Then God said, “Let us make man in our image, after our likeness. And let them have dominion over the fish of the sea and over the birds of the heavens and over the livestock and over all the earth and over every creeping thing that creeps on the earth.” So God created man in his own image, in the image of God he created him; male and female he created them. And God blessed them. And God said to them, “Be fruitful and multiply and fill the earth and subdue it, and have dominion over the fish of the sea and over the birds of the heavens and over every living thing that moves on the earth” (Gen. 1:27–28).

Variously titled by theologians, this dominion mandate is both humanity’s purpose statement and receipt of divine authority. In short, it is our original commission.

How exactly this dominion was to be executed in an orderly manner as humanity multiplied is not explicitly stated. Instead, the text focuses on the institution of family units through the establishment of marriage and independent households: “Then the LORD God said, ‘It is not good that the man should be alone; I will make him a helper fit for him.’ … And the rib that the LORD God had taken from the man he made into a woman and brought her to the man. … Therefore a man shall leave his father and his mother and hold fast to his wife, and they shall become one flesh” (Gen. 2:18, 22, 24).

Notably, God’s dominion mandate failed to grant us authority over other humans outside of our family households. Presumably, communities would eventually form around common interests in our effort to govern creation. In his book God and the Nations, Henry Morris argues that humanity’s mandate to steward creation necessitates the development of the disciplines we today call culture:

  • Science (to understand how to control creation)
  • Technology (to control creation)
  • Commerce (for effective implementation of science and technology)
  • Education (to effectively transmit knowledge and skills)
  • Fine arts (to glorify our Creator and King)[1]

The development of such culture would necessitate sizeable communities of people, but these communities would function according to a mutual respect for one another and for the greater purpose of stewarding God’s creation. They would not be held in check by fear of a governing authority’s ability to punish them. Morris concludes:

At that time there theoretically would be no need for such occupations as the military, law enforcement, or other such governmental agencies.

In fact, as far as the record goes, in the Edenic world as intended by the Creator, there would have been no government necessary at all, except the patriarchal system, with the father as head of each family and with his wife as a “help” [mate] for him. Presumably as each son grew to manhood and took a wife, he would then “cleave to” her, leaving his father and mother and thus establishing his own family unit. Society would eventually consist of many families, each with its own head, working together to honor God and serve mankind.

But such an idyllic society never actually existed, because Satan and the entrance of sin into the world complicated the world before the process of filling it could begin.[2]
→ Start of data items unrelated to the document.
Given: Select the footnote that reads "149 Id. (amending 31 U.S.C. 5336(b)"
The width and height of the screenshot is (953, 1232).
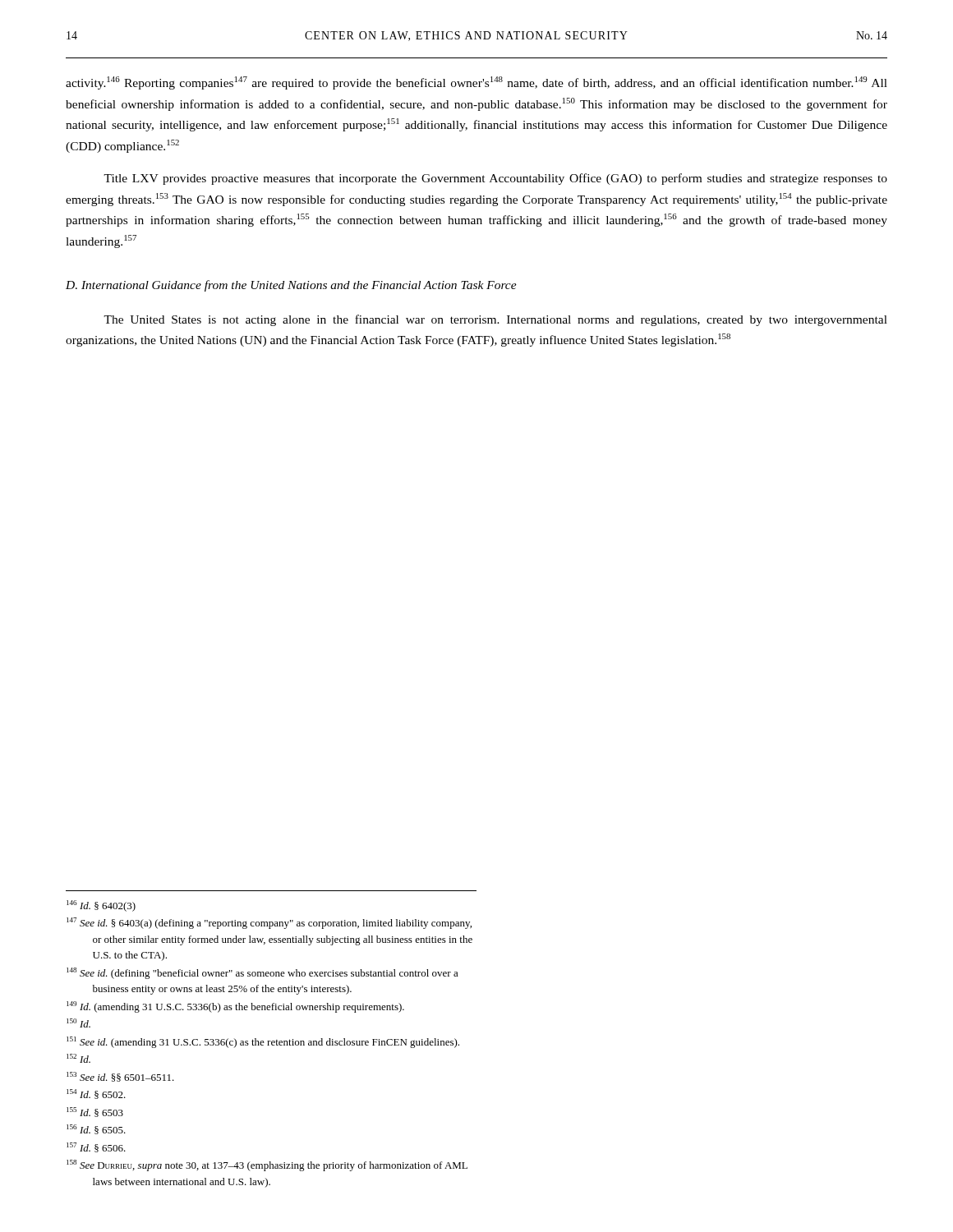Looking at the screenshot, I should [x=235, y=1006].
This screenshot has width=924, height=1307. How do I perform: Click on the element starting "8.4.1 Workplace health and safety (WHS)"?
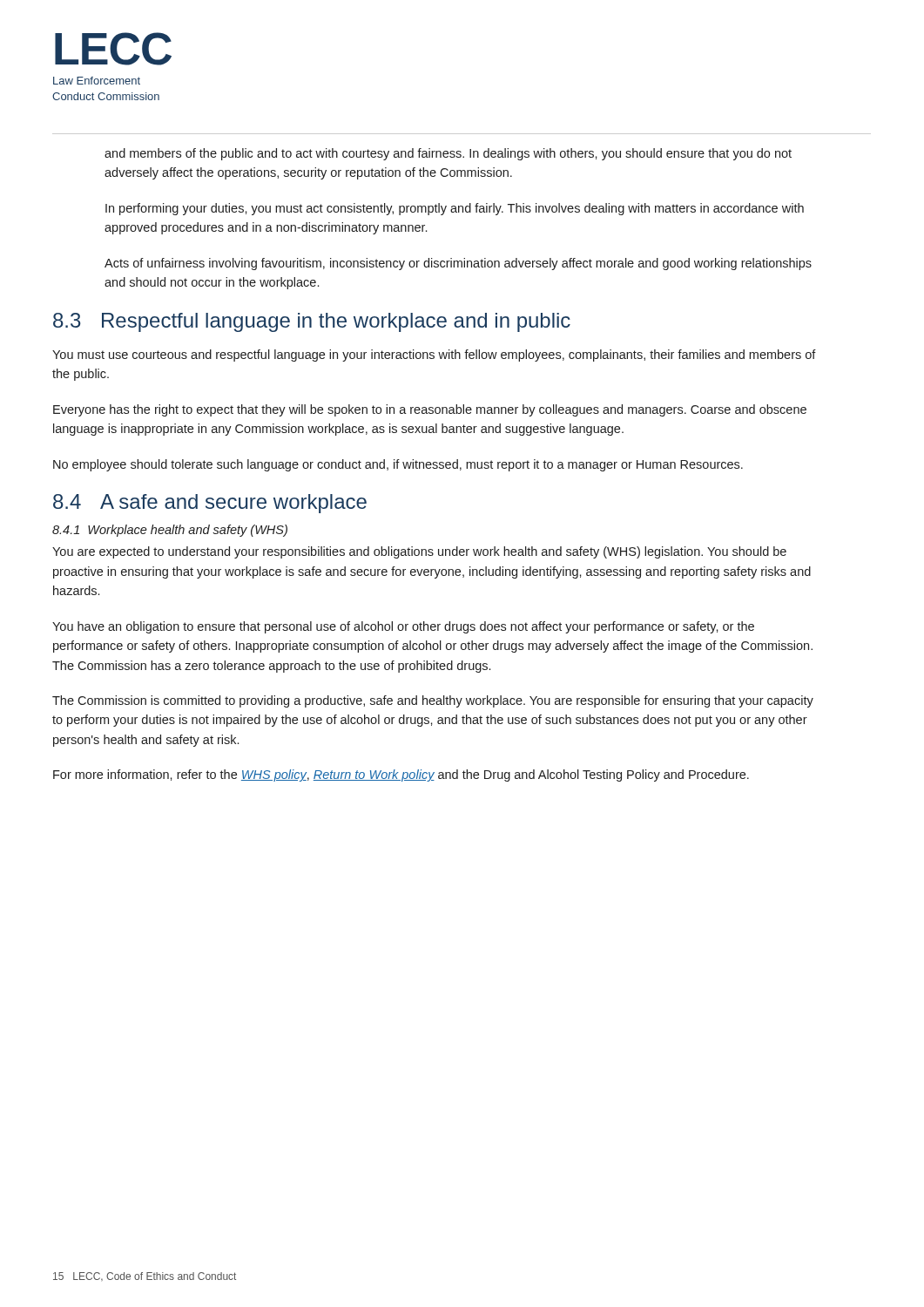coord(170,530)
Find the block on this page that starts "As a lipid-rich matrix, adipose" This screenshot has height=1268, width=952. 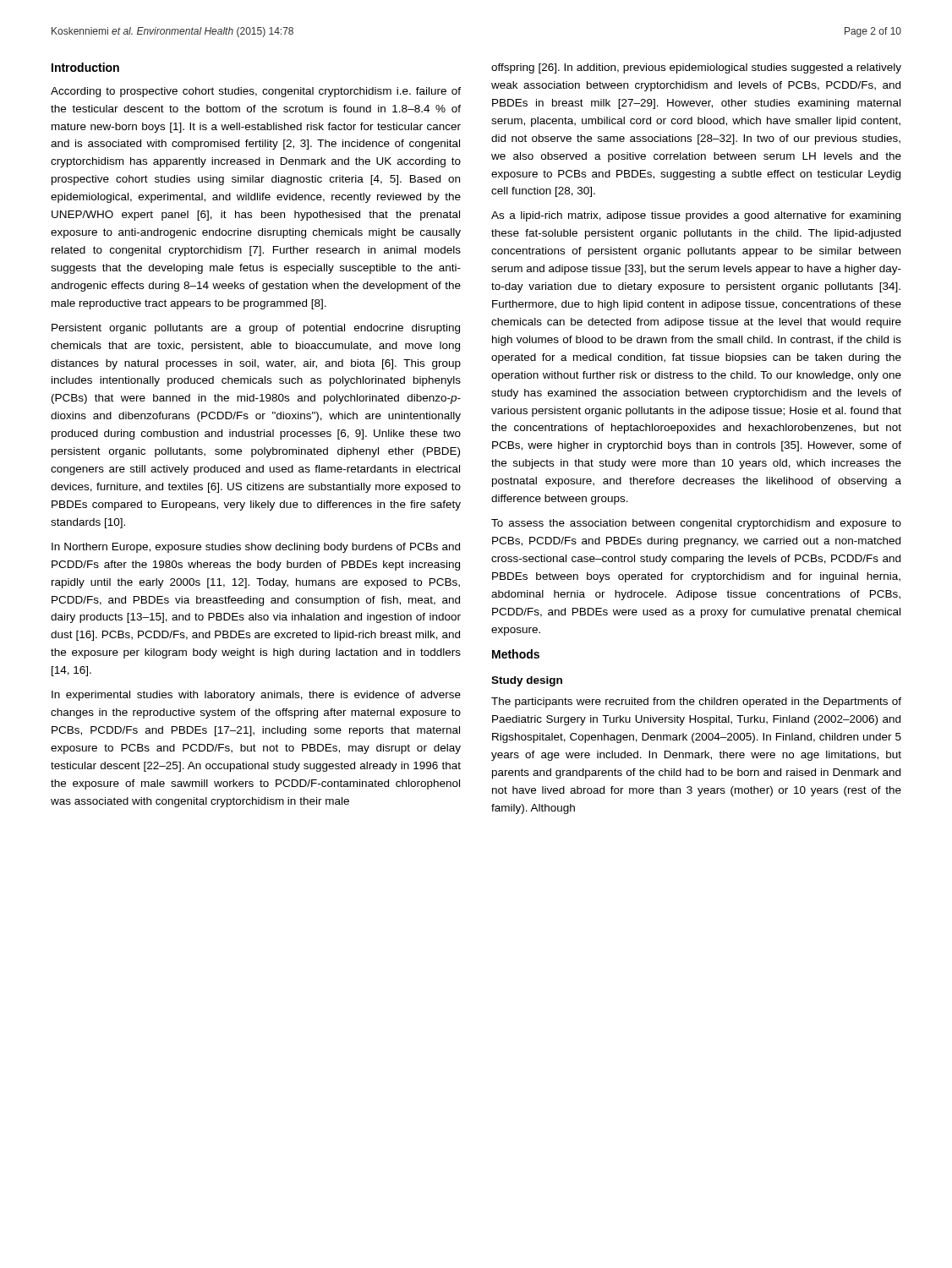point(696,358)
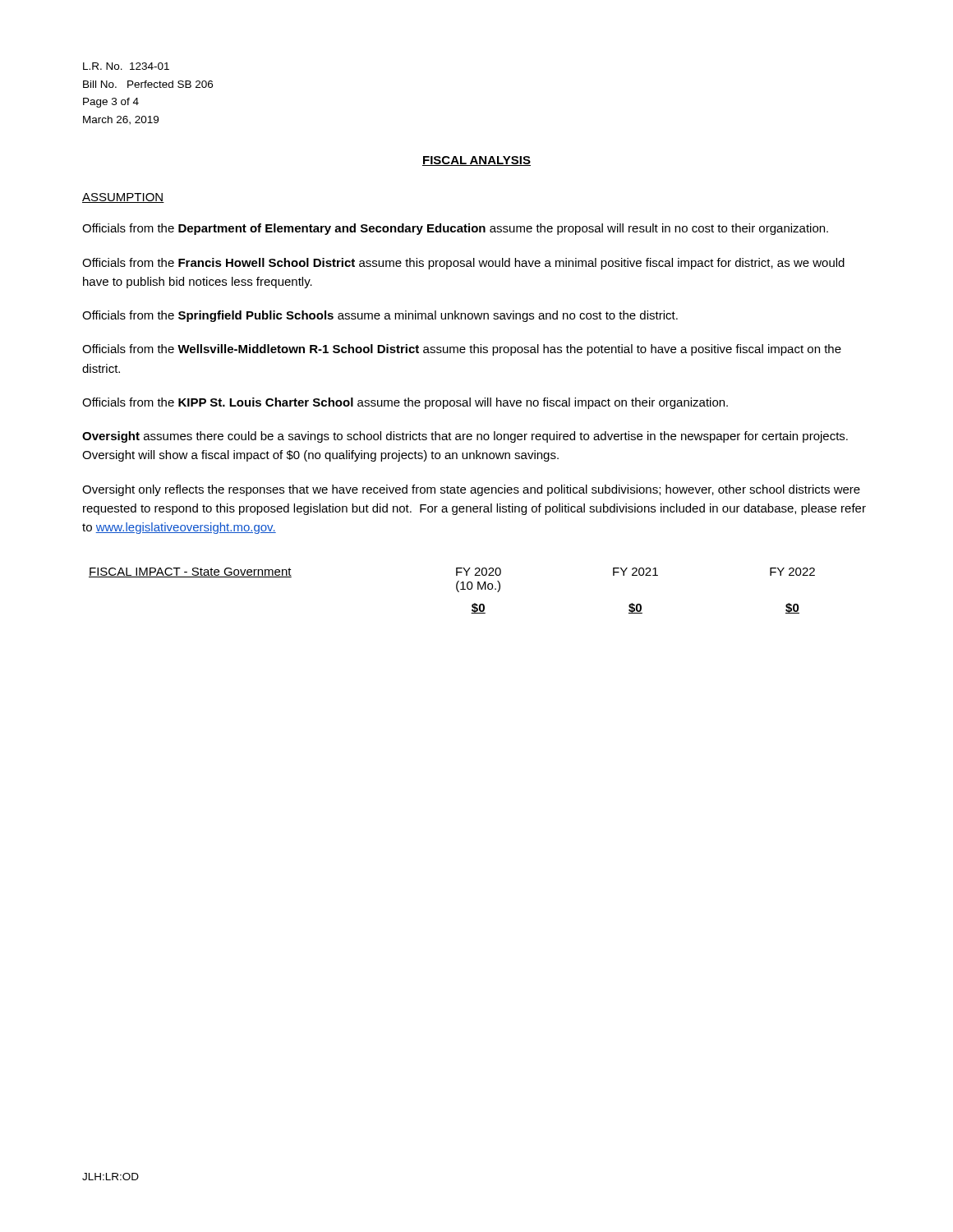Find the table that mentions "FY 2020 (10"

point(476,589)

With the introduction of sin, humanity’s unified purpose was supplanted by competing self-interests (Gen. 3). Humanity devolved into a state of perpetual wickedness and violence, ultimately compelling God to intervene with a sweeping judgment that virtually reset humanity (Gen. 6). Our dominion mandate would be preserved, but God’s original intent would be notably amended (Gen. 9:1–7). This time, God’s dominion mandate would authorize human government.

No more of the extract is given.